The Army is planning for the possibility of keeping the current number of soldiers in Iraq -- well over 100,000 -- for four more years, the Army chief of staff said yesterday.
In an interview, Gen. Peter J. Schoomaker said the service is prepared for the "worst case" in terms of the required level of troops in Iraq. He said the number could be adjusted lower if called for by slowing the force rotation or by shortening tours of duty.
Schoomaker said commanders in Iraq and others in the chain of command will decide how many troops will be needed next year and beyond. His responsibility is to provide them, trained and equipped.
About 138,000 U.S. troops, including about 25,000 Marines, are stationed in Iraq.
"We're staying 18 months to two years ahead of ourselves" in planning which active-duty and National Guard and Reserve units will be provided to meet the commanders' needs, Schoomaker said.
The main active-duty combat units scheduled to go to Iraq in the coming year are the 101st Airborne Division, based at Fort Campbell, Ky., and the 4th Infantry Division from Fort Hood, Tex. Both divisions did one-year tours earlier in the war.

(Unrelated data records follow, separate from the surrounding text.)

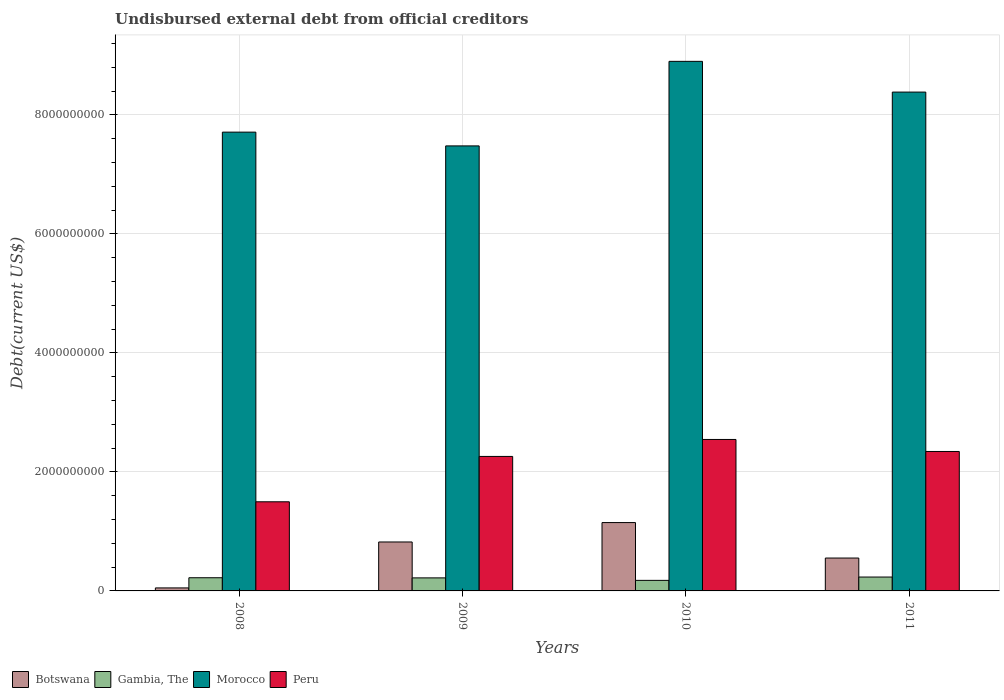How many different coloured bars are there?
Give a very brief answer. 4. Are the number of bars per tick equal to the number of legend labels?
Ensure brevity in your answer.  Yes. Are the number of bars on each tick of the X-axis equal?
Keep it short and to the point. Yes. How many bars are there on the 1st tick from the right?
Provide a succinct answer. 4. What is the label of the 1st group of bars from the left?
Your response must be concise. 2008. In how many cases, is the number of bars for a given year not equal to the number of legend labels?
Provide a short and direct response. 0. What is the total debt in Gambia, The in 2010?
Your answer should be very brief. 1.77e+08. Across all years, what is the maximum total debt in Peru?
Your answer should be compact. 2.55e+09. Across all years, what is the minimum total debt in Peru?
Your response must be concise. 1.50e+09. What is the total total debt in Gambia, The in the graph?
Offer a terse response. 8.51e+08. What is the difference between the total debt in Gambia, The in 2009 and that in 2011?
Ensure brevity in your answer.  -1.40e+07. What is the difference between the total debt in Botswana in 2008 and the total debt in Morocco in 2010?
Give a very brief answer. -8.85e+09. What is the average total debt in Morocco per year?
Your response must be concise. 8.12e+09. In the year 2008, what is the difference between the total debt in Botswana and total debt in Peru?
Your response must be concise. -1.45e+09. In how many years, is the total debt in Botswana greater than 1600000000 US$?
Keep it short and to the point. 0. What is the ratio of the total debt in Gambia, The in 2008 to that in 2009?
Keep it short and to the point. 1.01. What is the difference between the highest and the second highest total debt in Botswana?
Your answer should be very brief. 3.26e+08. What is the difference between the highest and the lowest total debt in Botswana?
Give a very brief answer. 1.10e+09. Is the sum of the total debt in Gambia, The in 2009 and 2011 greater than the maximum total debt in Botswana across all years?
Offer a terse response. No. What does the 4th bar from the left in 2009 represents?
Keep it short and to the point. Peru. What does the 2nd bar from the right in 2009 represents?
Your answer should be very brief. Morocco. Is it the case that in every year, the sum of the total debt in Peru and total debt in Gambia, The is greater than the total debt in Botswana?
Make the answer very short. Yes. How many years are there in the graph?
Ensure brevity in your answer.  4. Does the graph contain grids?
Make the answer very short. Yes. Where does the legend appear in the graph?
Make the answer very short. Bottom left. What is the title of the graph?
Your response must be concise. Undisbursed external debt from official creditors. Does "Chad" appear as one of the legend labels in the graph?
Your answer should be very brief. No. What is the label or title of the X-axis?
Ensure brevity in your answer.  Years. What is the label or title of the Y-axis?
Provide a short and direct response. Debt(current US$). What is the Debt(current US$) of Botswana in 2008?
Offer a very short reply. 5.04e+07. What is the Debt(current US$) of Gambia, The in 2008?
Provide a succinct answer. 2.21e+08. What is the Debt(current US$) of Morocco in 2008?
Your response must be concise. 7.71e+09. What is the Debt(current US$) of Peru in 2008?
Offer a very short reply. 1.50e+09. What is the Debt(current US$) of Botswana in 2009?
Provide a short and direct response. 8.23e+08. What is the Debt(current US$) in Gambia, The in 2009?
Your answer should be compact. 2.19e+08. What is the Debt(current US$) in Morocco in 2009?
Your answer should be very brief. 7.48e+09. What is the Debt(current US$) of Peru in 2009?
Provide a short and direct response. 2.26e+09. What is the Debt(current US$) in Botswana in 2010?
Ensure brevity in your answer.  1.15e+09. What is the Debt(current US$) of Gambia, The in 2010?
Offer a very short reply. 1.77e+08. What is the Debt(current US$) in Morocco in 2010?
Offer a terse response. 8.90e+09. What is the Debt(current US$) in Peru in 2010?
Give a very brief answer. 2.55e+09. What is the Debt(current US$) in Botswana in 2011?
Make the answer very short. 5.53e+08. What is the Debt(current US$) in Gambia, The in 2011?
Keep it short and to the point. 2.33e+08. What is the Debt(current US$) in Morocco in 2011?
Keep it short and to the point. 8.38e+09. What is the Debt(current US$) of Peru in 2011?
Make the answer very short. 2.34e+09. Across all years, what is the maximum Debt(current US$) of Botswana?
Your answer should be compact. 1.15e+09. Across all years, what is the maximum Debt(current US$) in Gambia, The?
Provide a short and direct response. 2.33e+08. Across all years, what is the maximum Debt(current US$) of Morocco?
Make the answer very short. 8.90e+09. Across all years, what is the maximum Debt(current US$) of Peru?
Your response must be concise. 2.55e+09. Across all years, what is the minimum Debt(current US$) of Botswana?
Give a very brief answer. 5.04e+07. Across all years, what is the minimum Debt(current US$) in Gambia, The?
Offer a very short reply. 1.77e+08. Across all years, what is the minimum Debt(current US$) in Morocco?
Your response must be concise. 7.48e+09. Across all years, what is the minimum Debt(current US$) in Peru?
Make the answer very short. 1.50e+09. What is the total Debt(current US$) of Botswana in the graph?
Give a very brief answer. 2.57e+09. What is the total Debt(current US$) of Gambia, The in the graph?
Provide a short and direct response. 8.51e+08. What is the total Debt(current US$) of Morocco in the graph?
Your answer should be compact. 3.25e+1. What is the total Debt(current US$) in Peru in the graph?
Keep it short and to the point. 8.65e+09. What is the difference between the Debt(current US$) in Botswana in 2008 and that in 2009?
Your answer should be compact. -7.72e+08. What is the difference between the Debt(current US$) of Gambia, The in 2008 and that in 2009?
Make the answer very short. 2.27e+06. What is the difference between the Debt(current US$) in Morocco in 2008 and that in 2009?
Give a very brief answer. 2.31e+08. What is the difference between the Debt(current US$) of Peru in 2008 and that in 2009?
Your answer should be very brief. -7.62e+08. What is the difference between the Debt(current US$) of Botswana in 2008 and that in 2010?
Your response must be concise. -1.10e+09. What is the difference between the Debt(current US$) of Gambia, The in 2008 and that in 2010?
Provide a succinct answer. 4.42e+07. What is the difference between the Debt(current US$) in Morocco in 2008 and that in 2010?
Ensure brevity in your answer.  -1.19e+09. What is the difference between the Debt(current US$) of Peru in 2008 and that in 2010?
Ensure brevity in your answer.  -1.05e+09. What is the difference between the Debt(current US$) of Botswana in 2008 and that in 2011?
Provide a succinct answer. -5.02e+08. What is the difference between the Debt(current US$) of Gambia, The in 2008 and that in 2011?
Give a very brief answer. -1.18e+07. What is the difference between the Debt(current US$) of Morocco in 2008 and that in 2011?
Keep it short and to the point. -6.73e+08. What is the difference between the Debt(current US$) in Peru in 2008 and that in 2011?
Provide a short and direct response. -8.45e+08. What is the difference between the Debt(current US$) of Botswana in 2009 and that in 2010?
Your answer should be very brief. -3.26e+08. What is the difference between the Debt(current US$) of Gambia, The in 2009 and that in 2010?
Provide a short and direct response. 4.19e+07. What is the difference between the Debt(current US$) of Morocco in 2009 and that in 2010?
Your response must be concise. -1.42e+09. What is the difference between the Debt(current US$) in Peru in 2009 and that in 2010?
Offer a very short reply. -2.85e+08. What is the difference between the Debt(current US$) of Botswana in 2009 and that in 2011?
Your answer should be very brief. 2.70e+08. What is the difference between the Debt(current US$) in Gambia, The in 2009 and that in 2011?
Provide a short and direct response. -1.40e+07. What is the difference between the Debt(current US$) of Morocco in 2009 and that in 2011?
Your answer should be compact. -9.05e+08. What is the difference between the Debt(current US$) of Peru in 2009 and that in 2011?
Offer a very short reply. -8.31e+07. What is the difference between the Debt(current US$) of Botswana in 2010 and that in 2011?
Your response must be concise. 5.96e+08. What is the difference between the Debt(current US$) in Gambia, The in 2010 and that in 2011?
Your response must be concise. -5.60e+07. What is the difference between the Debt(current US$) in Morocco in 2010 and that in 2011?
Keep it short and to the point. 5.16e+08. What is the difference between the Debt(current US$) in Peru in 2010 and that in 2011?
Offer a very short reply. 2.02e+08. What is the difference between the Debt(current US$) in Botswana in 2008 and the Debt(current US$) in Gambia, The in 2009?
Your response must be concise. -1.69e+08. What is the difference between the Debt(current US$) of Botswana in 2008 and the Debt(current US$) of Morocco in 2009?
Give a very brief answer. -7.43e+09. What is the difference between the Debt(current US$) in Botswana in 2008 and the Debt(current US$) in Peru in 2009?
Offer a terse response. -2.21e+09. What is the difference between the Debt(current US$) of Gambia, The in 2008 and the Debt(current US$) of Morocco in 2009?
Your answer should be compact. -7.26e+09. What is the difference between the Debt(current US$) of Gambia, The in 2008 and the Debt(current US$) of Peru in 2009?
Your answer should be very brief. -2.04e+09. What is the difference between the Debt(current US$) in Morocco in 2008 and the Debt(current US$) in Peru in 2009?
Your answer should be compact. 5.45e+09. What is the difference between the Debt(current US$) in Botswana in 2008 and the Debt(current US$) in Gambia, The in 2010?
Give a very brief answer. -1.27e+08. What is the difference between the Debt(current US$) in Botswana in 2008 and the Debt(current US$) in Morocco in 2010?
Your answer should be compact. -8.85e+09. What is the difference between the Debt(current US$) in Botswana in 2008 and the Debt(current US$) in Peru in 2010?
Your answer should be very brief. -2.49e+09. What is the difference between the Debt(current US$) of Gambia, The in 2008 and the Debt(current US$) of Morocco in 2010?
Your answer should be very brief. -8.68e+09. What is the difference between the Debt(current US$) of Gambia, The in 2008 and the Debt(current US$) of Peru in 2010?
Offer a terse response. -2.32e+09. What is the difference between the Debt(current US$) of Morocco in 2008 and the Debt(current US$) of Peru in 2010?
Give a very brief answer. 5.16e+09. What is the difference between the Debt(current US$) of Botswana in 2008 and the Debt(current US$) of Gambia, The in 2011?
Keep it short and to the point. -1.83e+08. What is the difference between the Debt(current US$) of Botswana in 2008 and the Debt(current US$) of Morocco in 2011?
Make the answer very short. -8.33e+09. What is the difference between the Debt(current US$) in Botswana in 2008 and the Debt(current US$) in Peru in 2011?
Your response must be concise. -2.29e+09. What is the difference between the Debt(current US$) of Gambia, The in 2008 and the Debt(current US$) of Morocco in 2011?
Offer a very short reply. -8.16e+09. What is the difference between the Debt(current US$) in Gambia, The in 2008 and the Debt(current US$) in Peru in 2011?
Ensure brevity in your answer.  -2.12e+09. What is the difference between the Debt(current US$) in Morocco in 2008 and the Debt(current US$) in Peru in 2011?
Your answer should be compact. 5.37e+09. What is the difference between the Debt(current US$) of Botswana in 2009 and the Debt(current US$) of Gambia, The in 2010?
Ensure brevity in your answer.  6.45e+08. What is the difference between the Debt(current US$) in Botswana in 2009 and the Debt(current US$) in Morocco in 2010?
Your answer should be compact. -8.08e+09. What is the difference between the Debt(current US$) of Botswana in 2009 and the Debt(current US$) of Peru in 2010?
Keep it short and to the point. -1.72e+09. What is the difference between the Debt(current US$) in Gambia, The in 2009 and the Debt(current US$) in Morocco in 2010?
Your answer should be very brief. -8.68e+09. What is the difference between the Debt(current US$) in Gambia, The in 2009 and the Debt(current US$) in Peru in 2010?
Your response must be concise. -2.33e+09. What is the difference between the Debt(current US$) in Morocco in 2009 and the Debt(current US$) in Peru in 2010?
Your answer should be very brief. 4.93e+09. What is the difference between the Debt(current US$) in Botswana in 2009 and the Debt(current US$) in Gambia, The in 2011?
Offer a very short reply. 5.89e+08. What is the difference between the Debt(current US$) of Botswana in 2009 and the Debt(current US$) of Morocco in 2011?
Offer a very short reply. -7.56e+09. What is the difference between the Debt(current US$) of Botswana in 2009 and the Debt(current US$) of Peru in 2011?
Provide a succinct answer. -1.52e+09. What is the difference between the Debt(current US$) of Gambia, The in 2009 and the Debt(current US$) of Morocco in 2011?
Your response must be concise. -8.16e+09. What is the difference between the Debt(current US$) of Gambia, The in 2009 and the Debt(current US$) of Peru in 2011?
Your answer should be compact. -2.12e+09. What is the difference between the Debt(current US$) of Morocco in 2009 and the Debt(current US$) of Peru in 2011?
Your answer should be compact. 5.14e+09. What is the difference between the Debt(current US$) of Botswana in 2010 and the Debt(current US$) of Gambia, The in 2011?
Give a very brief answer. 9.16e+08. What is the difference between the Debt(current US$) in Botswana in 2010 and the Debt(current US$) in Morocco in 2011?
Provide a short and direct response. -7.23e+09. What is the difference between the Debt(current US$) in Botswana in 2010 and the Debt(current US$) in Peru in 2011?
Your answer should be compact. -1.19e+09. What is the difference between the Debt(current US$) of Gambia, The in 2010 and the Debt(current US$) of Morocco in 2011?
Your response must be concise. -8.21e+09. What is the difference between the Debt(current US$) of Gambia, The in 2010 and the Debt(current US$) of Peru in 2011?
Make the answer very short. -2.17e+09. What is the difference between the Debt(current US$) in Morocco in 2010 and the Debt(current US$) in Peru in 2011?
Your answer should be compact. 6.56e+09. What is the average Debt(current US$) of Botswana per year?
Provide a short and direct response. 6.44e+08. What is the average Debt(current US$) in Gambia, The per year?
Give a very brief answer. 2.13e+08. What is the average Debt(current US$) of Morocco per year?
Offer a terse response. 8.12e+09. What is the average Debt(current US$) in Peru per year?
Provide a short and direct response. 2.16e+09. In the year 2008, what is the difference between the Debt(current US$) of Botswana and Debt(current US$) of Gambia, The?
Keep it short and to the point. -1.71e+08. In the year 2008, what is the difference between the Debt(current US$) of Botswana and Debt(current US$) of Morocco?
Ensure brevity in your answer.  -7.66e+09. In the year 2008, what is the difference between the Debt(current US$) of Botswana and Debt(current US$) of Peru?
Give a very brief answer. -1.45e+09. In the year 2008, what is the difference between the Debt(current US$) of Gambia, The and Debt(current US$) of Morocco?
Provide a succinct answer. -7.49e+09. In the year 2008, what is the difference between the Debt(current US$) of Gambia, The and Debt(current US$) of Peru?
Make the answer very short. -1.28e+09. In the year 2008, what is the difference between the Debt(current US$) in Morocco and Debt(current US$) in Peru?
Give a very brief answer. 6.21e+09. In the year 2009, what is the difference between the Debt(current US$) in Botswana and Debt(current US$) in Gambia, The?
Ensure brevity in your answer.  6.03e+08. In the year 2009, what is the difference between the Debt(current US$) of Botswana and Debt(current US$) of Morocco?
Offer a terse response. -6.66e+09. In the year 2009, what is the difference between the Debt(current US$) of Botswana and Debt(current US$) of Peru?
Provide a short and direct response. -1.44e+09. In the year 2009, what is the difference between the Debt(current US$) of Gambia, The and Debt(current US$) of Morocco?
Make the answer very short. -7.26e+09. In the year 2009, what is the difference between the Debt(current US$) of Gambia, The and Debt(current US$) of Peru?
Ensure brevity in your answer.  -2.04e+09. In the year 2009, what is the difference between the Debt(current US$) in Morocco and Debt(current US$) in Peru?
Provide a short and direct response. 5.22e+09. In the year 2010, what is the difference between the Debt(current US$) of Botswana and Debt(current US$) of Gambia, The?
Your response must be concise. 9.71e+08. In the year 2010, what is the difference between the Debt(current US$) of Botswana and Debt(current US$) of Morocco?
Ensure brevity in your answer.  -7.75e+09. In the year 2010, what is the difference between the Debt(current US$) in Botswana and Debt(current US$) in Peru?
Provide a succinct answer. -1.40e+09. In the year 2010, what is the difference between the Debt(current US$) in Gambia, The and Debt(current US$) in Morocco?
Give a very brief answer. -8.72e+09. In the year 2010, what is the difference between the Debt(current US$) in Gambia, The and Debt(current US$) in Peru?
Provide a succinct answer. -2.37e+09. In the year 2010, what is the difference between the Debt(current US$) in Morocco and Debt(current US$) in Peru?
Give a very brief answer. 6.35e+09. In the year 2011, what is the difference between the Debt(current US$) in Botswana and Debt(current US$) in Gambia, The?
Your response must be concise. 3.19e+08. In the year 2011, what is the difference between the Debt(current US$) of Botswana and Debt(current US$) of Morocco?
Provide a succinct answer. -7.83e+09. In the year 2011, what is the difference between the Debt(current US$) in Botswana and Debt(current US$) in Peru?
Provide a succinct answer. -1.79e+09. In the year 2011, what is the difference between the Debt(current US$) of Gambia, The and Debt(current US$) of Morocco?
Give a very brief answer. -8.15e+09. In the year 2011, what is the difference between the Debt(current US$) of Gambia, The and Debt(current US$) of Peru?
Ensure brevity in your answer.  -2.11e+09. In the year 2011, what is the difference between the Debt(current US$) of Morocco and Debt(current US$) of Peru?
Offer a very short reply. 6.04e+09. What is the ratio of the Debt(current US$) in Botswana in 2008 to that in 2009?
Your response must be concise. 0.06. What is the ratio of the Debt(current US$) in Gambia, The in 2008 to that in 2009?
Offer a very short reply. 1.01. What is the ratio of the Debt(current US$) of Morocco in 2008 to that in 2009?
Give a very brief answer. 1.03. What is the ratio of the Debt(current US$) in Peru in 2008 to that in 2009?
Offer a very short reply. 0.66. What is the ratio of the Debt(current US$) of Botswana in 2008 to that in 2010?
Your answer should be very brief. 0.04. What is the ratio of the Debt(current US$) of Gambia, The in 2008 to that in 2010?
Give a very brief answer. 1.25. What is the ratio of the Debt(current US$) in Morocco in 2008 to that in 2010?
Offer a terse response. 0.87. What is the ratio of the Debt(current US$) in Peru in 2008 to that in 2010?
Your answer should be compact. 0.59. What is the ratio of the Debt(current US$) of Botswana in 2008 to that in 2011?
Offer a very short reply. 0.09. What is the ratio of the Debt(current US$) in Gambia, The in 2008 to that in 2011?
Ensure brevity in your answer.  0.95. What is the ratio of the Debt(current US$) of Morocco in 2008 to that in 2011?
Your answer should be very brief. 0.92. What is the ratio of the Debt(current US$) in Peru in 2008 to that in 2011?
Keep it short and to the point. 0.64. What is the ratio of the Debt(current US$) in Botswana in 2009 to that in 2010?
Provide a succinct answer. 0.72. What is the ratio of the Debt(current US$) in Gambia, The in 2009 to that in 2010?
Offer a terse response. 1.24. What is the ratio of the Debt(current US$) in Morocco in 2009 to that in 2010?
Ensure brevity in your answer.  0.84. What is the ratio of the Debt(current US$) in Peru in 2009 to that in 2010?
Offer a terse response. 0.89. What is the ratio of the Debt(current US$) in Botswana in 2009 to that in 2011?
Offer a very short reply. 1.49. What is the ratio of the Debt(current US$) in Gambia, The in 2009 to that in 2011?
Make the answer very short. 0.94. What is the ratio of the Debt(current US$) in Morocco in 2009 to that in 2011?
Ensure brevity in your answer.  0.89. What is the ratio of the Debt(current US$) of Peru in 2009 to that in 2011?
Give a very brief answer. 0.96. What is the ratio of the Debt(current US$) of Botswana in 2010 to that in 2011?
Make the answer very short. 2.08. What is the ratio of the Debt(current US$) in Gambia, The in 2010 to that in 2011?
Give a very brief answer. 0.76. What is the ratio of the Debt(current US$) of Morocco in 2010 to that in 2011?
Offer a very short reply. 1.06. What is the ratio of the Debt(current US$) of Peru in 2010 to that in 2011?
Ensure brevity in your answer.  1.09. What is the difference between the highest and the second highest Debt(current US$) in Botswana?
Keep it short and to the point. 3.26e+08. What is the difference between the highest and the second highest Debt(current US$) in Gambia, The?
Your answer should be very brief. 1.18e+07. What is the difference between the highest and the second highest Debt(current US$) of Morocco?
Make the answer very short. 5.16e+08. What is the difference between the highest and the second highest Debt(current US$) of Peru?
Ensure brevity in your answer.  2.02e+08. What is the difference between the highest and the lowest Debt(current US$) in Botswana?
Give a very brief answer. 1.10e+09. What is the difference between the highest and the lowest Debt(current US$) in Gambia, The?
Keep it short and to the point. 5.60e+07. What is the difference between the highest and the lowest Debt(current US$) in Morocco?
Your response must be concise. 1.42e+09. What is the difference between the highest and the lowest Debt(current US$) of Peru?
Your answer should be very brief. 1.05e+09. 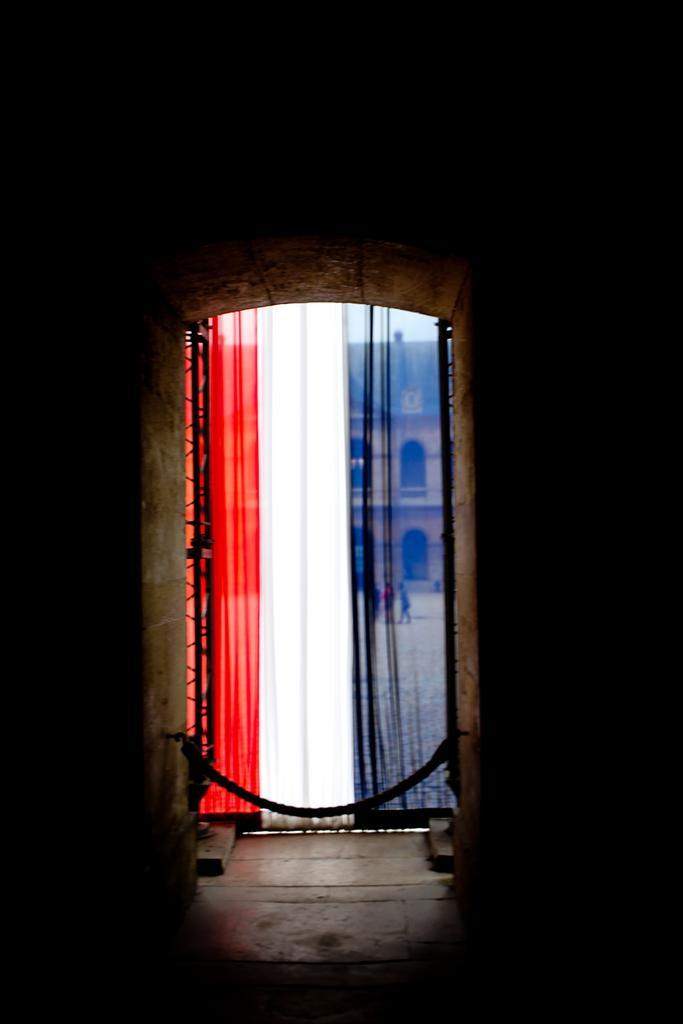In one or two sentences, can you explain what this image depicts? Through this colorful curtain we can see building and people. Around this curtain it is dark. 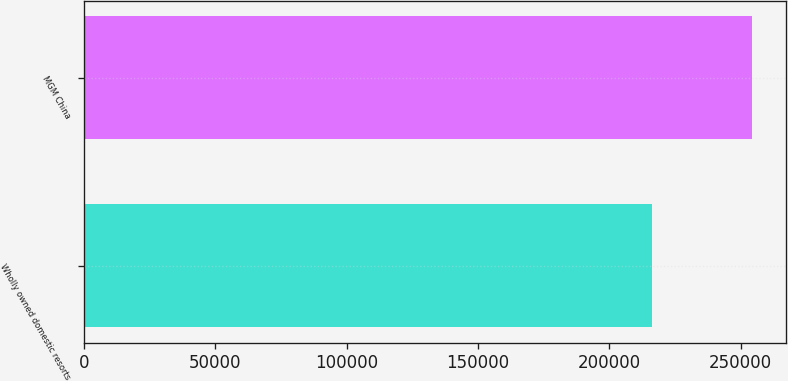Convert chart. <chart><loc_0><loc_0><loc_500><loc_500><bar_chart><fcel>Wholly owned domestic resorts<fcel>MGM China<nl><fcel>216147<fcel>254516<nl></chart>

With the recent deployment of brigades from Georgia and Pennsylvania, the National Guard has seven combat brigades in Iraq -- the most of the entire war -- plus thousands of support troops.
Along with the Army Reserve and Marine Reserve, they account for about 40 percent of total U.S. forces there. Schoomaker said that will be scaled back next year to about 25 percent as newly expanded active-duty divisions such as the 101st Airborne enter the rotation.